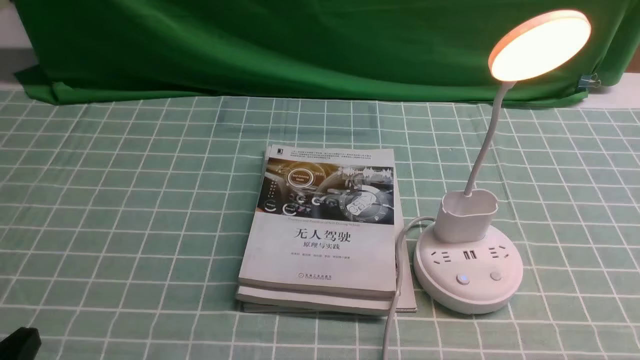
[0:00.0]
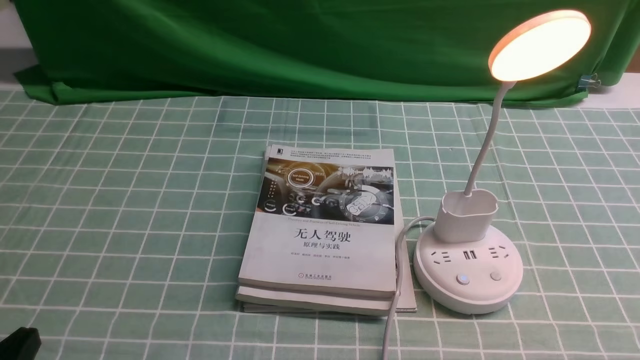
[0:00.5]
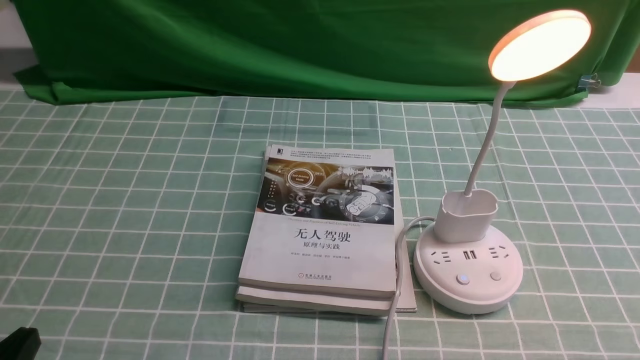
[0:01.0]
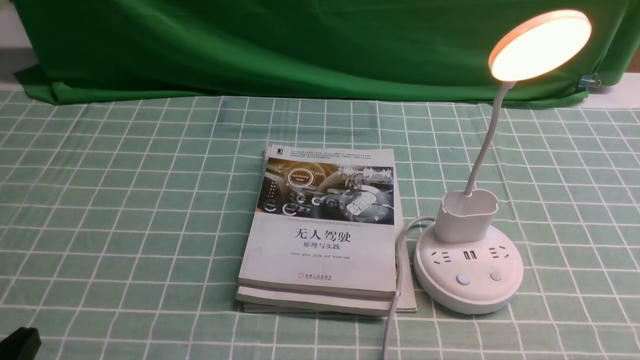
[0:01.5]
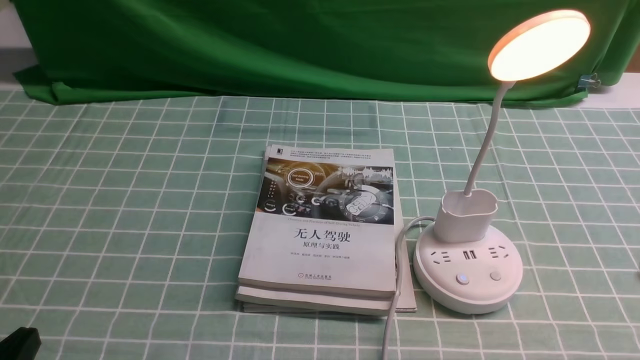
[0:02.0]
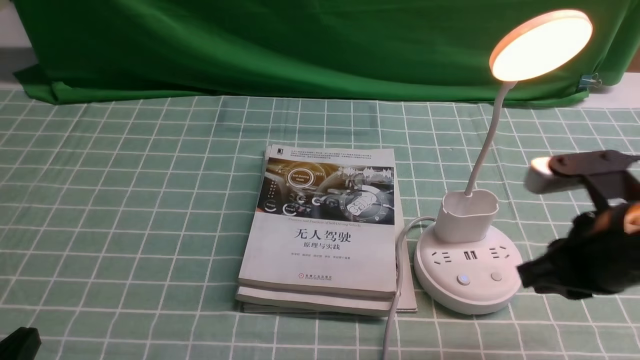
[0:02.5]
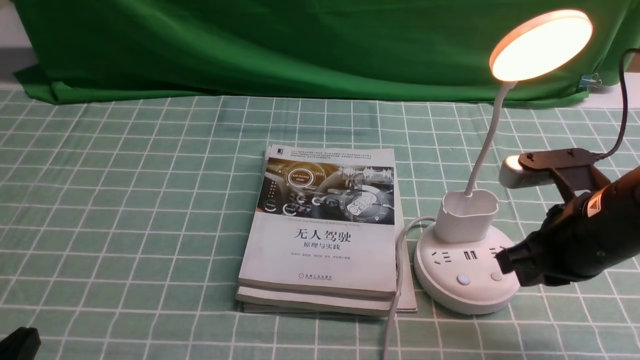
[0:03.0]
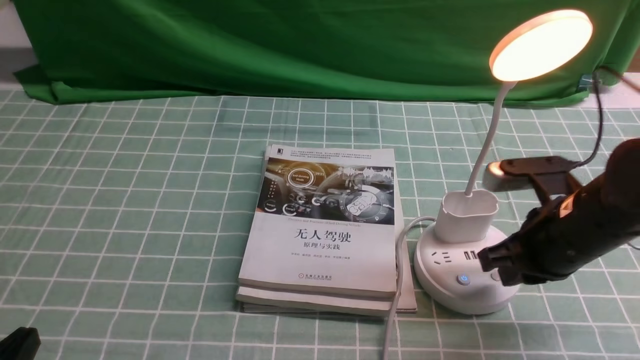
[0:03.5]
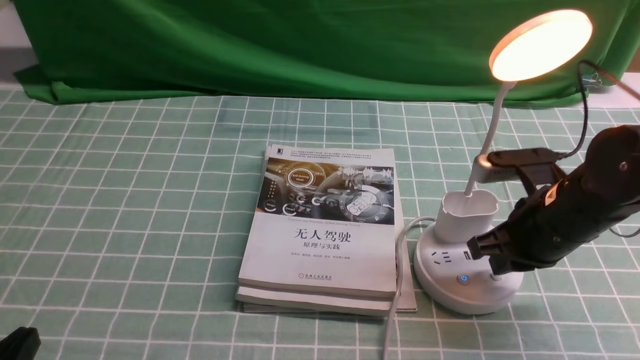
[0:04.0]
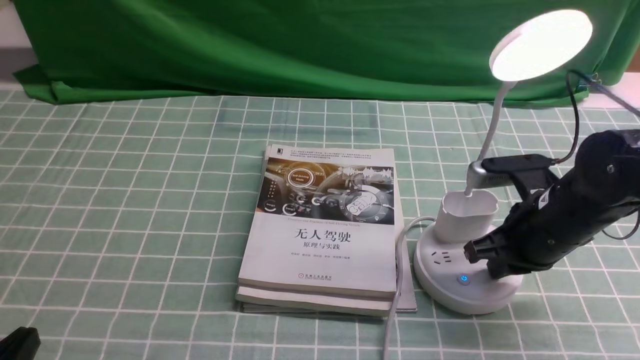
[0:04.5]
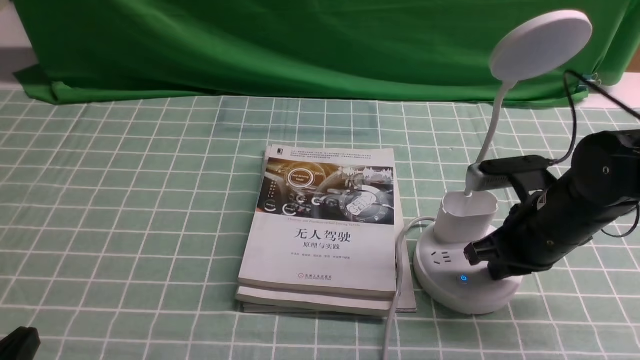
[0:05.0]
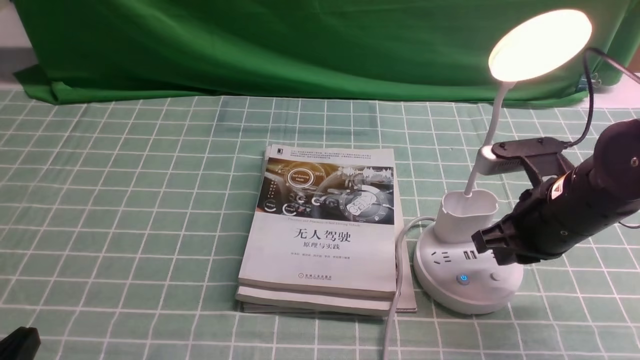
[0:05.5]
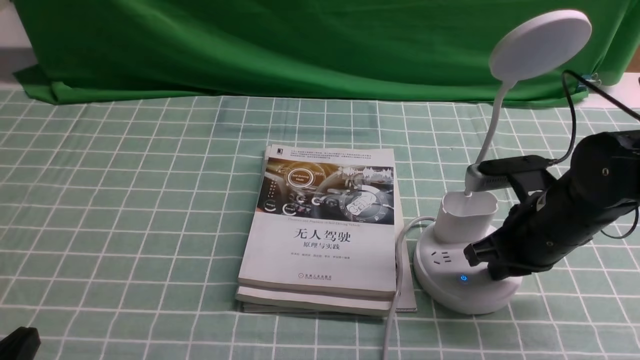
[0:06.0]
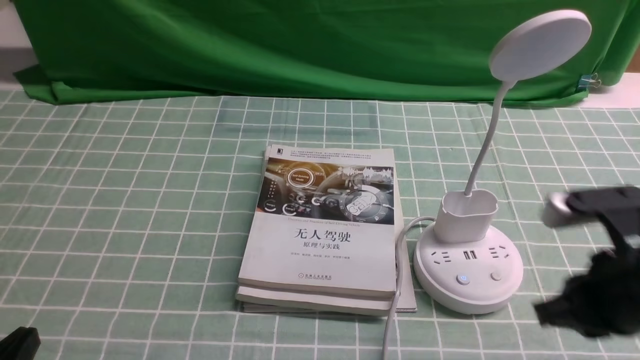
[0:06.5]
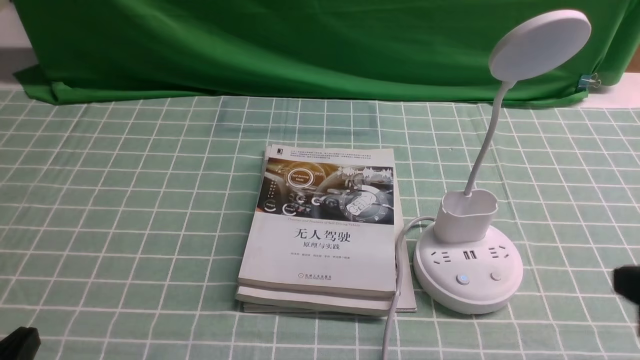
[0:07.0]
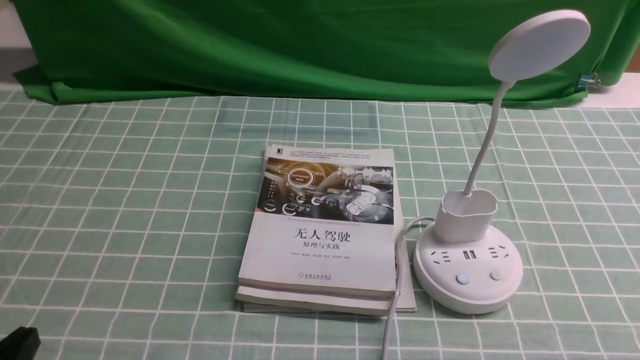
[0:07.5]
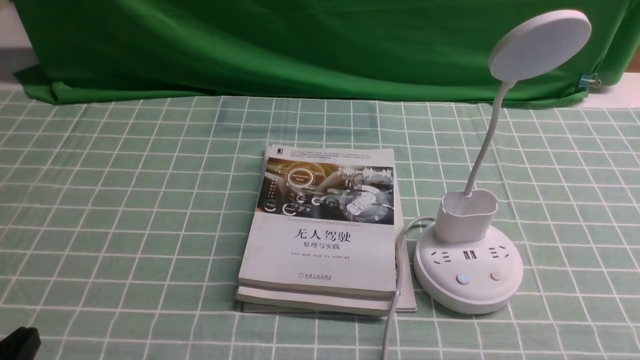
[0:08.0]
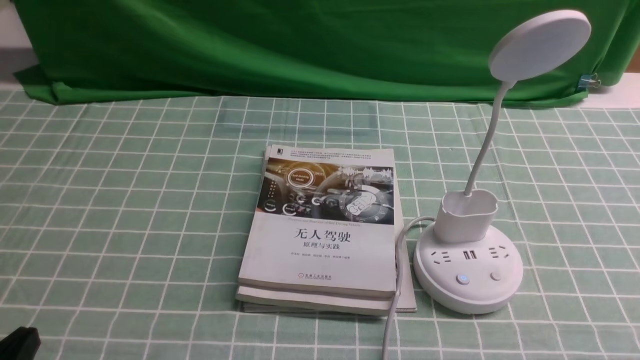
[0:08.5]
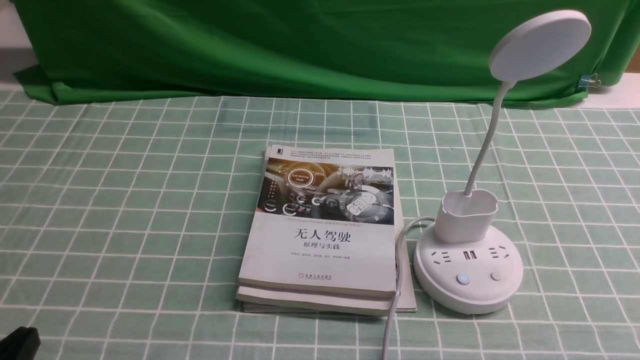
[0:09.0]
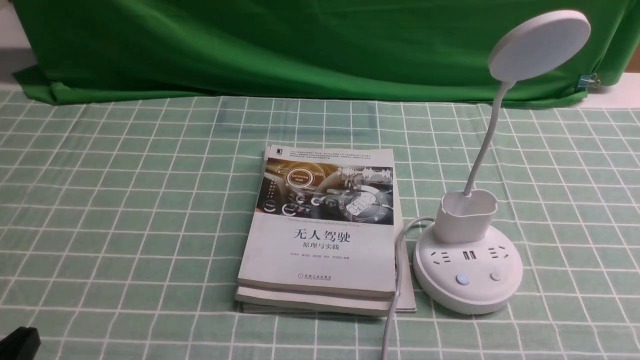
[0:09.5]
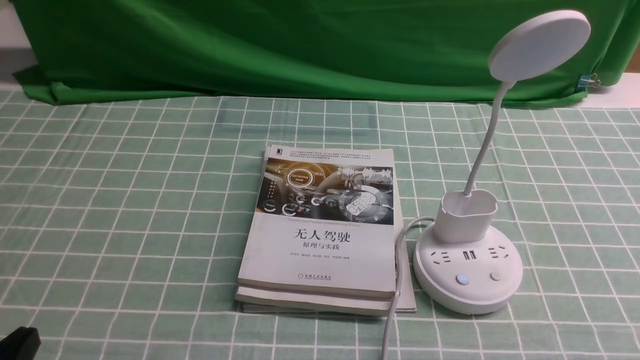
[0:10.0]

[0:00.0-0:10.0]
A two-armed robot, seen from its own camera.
Task of the whole recording: turn off the desk lamp on the blue coffee tablecloth by hand.
Step, 0:00.0 to 0:06.0: use the right arm to press the button switch on the lamp holder.
0:02.0 to 0:04.0: The right gripper heads forward, covering approximately 20 cm, and closes its fingers.
0:04.0 to 0:06.0: Both grippers stay about where they are.
0:06.0 to 0:08.0: The right gripper is displaced backward and to the right by about 25 cm.

|---|

**What to do:** Repeat the records above exactly, without any pictures.

**Written answer:**
[0:00.0]
[0:00.5]
[0:01.0]
[0:01.5]
[0:02.0]
[0:02.5]
[0:03.0]
[0:03.5]
[0:04.0]
[0:04.5]
[0:05.0]
[0:05.5]
[0:06.0]
[0:06.5]
[0:07.0]
[0:07.5]
[0:08.0]
[0:08.5]
[0:09.0]
[0:09.5]
[0:10.0]

[0:00.0-0:10.0]
A two-armed robot, seen from its own camera.
Task of the whole recording: turn off the desk lamp on the blue coffee tablecloth by hand.
Step, 0:00.0 to 0:06.0: use the right arm to press the button switch on the lamp holder.
0:02.0 to 0:04.0: The right gripper heads forward, covering approximately 20 cm, and closes its fingers.
0:04.0 to 0:06.0: Both grippers stay about where they are.
0:06.0 to 0:08.0: The right gripper is displaced backward and to the right by about 25 cm.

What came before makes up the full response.